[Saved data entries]
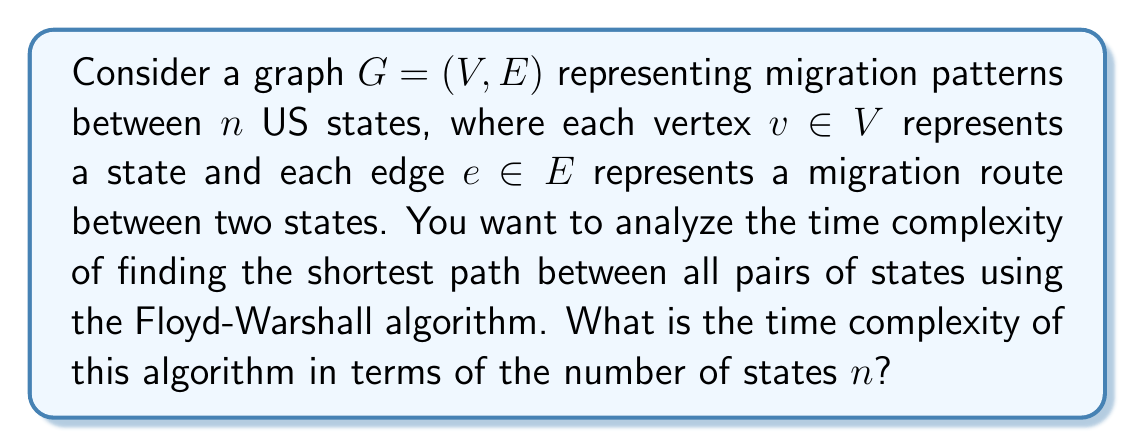Provide a solution to this math problem. To solve this problem, let's break down the Floyd-Warshall algorithm and analyze its time complexity:

1. The Floyd-Warshall algorithm is used to find the shortest paths between all pairs of vertices in a weighted graph.

2. It works by iteratively improving an estimate on the shortest path between two vertices, until the estimate is optimal.

3. The algorithm structure consists of three nested loops:

   ```
   for k = 1 to n
       for i = 1 to n
           for j = 1 to n
               if dist[i][j] > dist[i][k] + dist[k][j]
                   dist[i][j] = dist[i][k] + dist[k][j]
   ```

4. Each of these loops iterates $n$ times, where $n$ is the number of vertices (states in this case).

5. The innermost operation (comparison and potential update) is performed in constant time, $O(1)$.

6. Therefore, the total number of operations is:

   $$n \cdot n \cdot n \cdot O(1) = O(n^3)$$

7. This cubic time complexity $O(n^3)$ is characteristic of the Floyd-Warshall algorithm.

8. In the context of migration patterns, this means that as the number of states increases, the time to compute all shortest paths between them grows cubically.

9. While this may seem high, it's important to note that this algorithm computes shortest paths between all pairs of states in a single execution, which can be valuable for comprehensive migration pattern analysis.
Answer: The time complexity of the Floyd-Warshall algorithm for finding the shortest paths between all pairs of states in the migration pattern graph is $O(n^3)$, where $n$ is the number of states.

● TASK DIRECTIONS: Could you return exactly the lines above from the line with "5. The innermost" to the line with "7. This cubic", both included, and nothing else?

● EXERCISE RESPONSE:
5. The innermost operation (comparison and potential update) is performed in constant time, $O(1)$.

6. Therefore, the total number of operations is:

   $$n \cdot n \cdot n \cdot O(1) = O(n^3)$$

7. This cubic time complexity $O(n^3)$ is characteristic of the Floyd-Warshall algorithm.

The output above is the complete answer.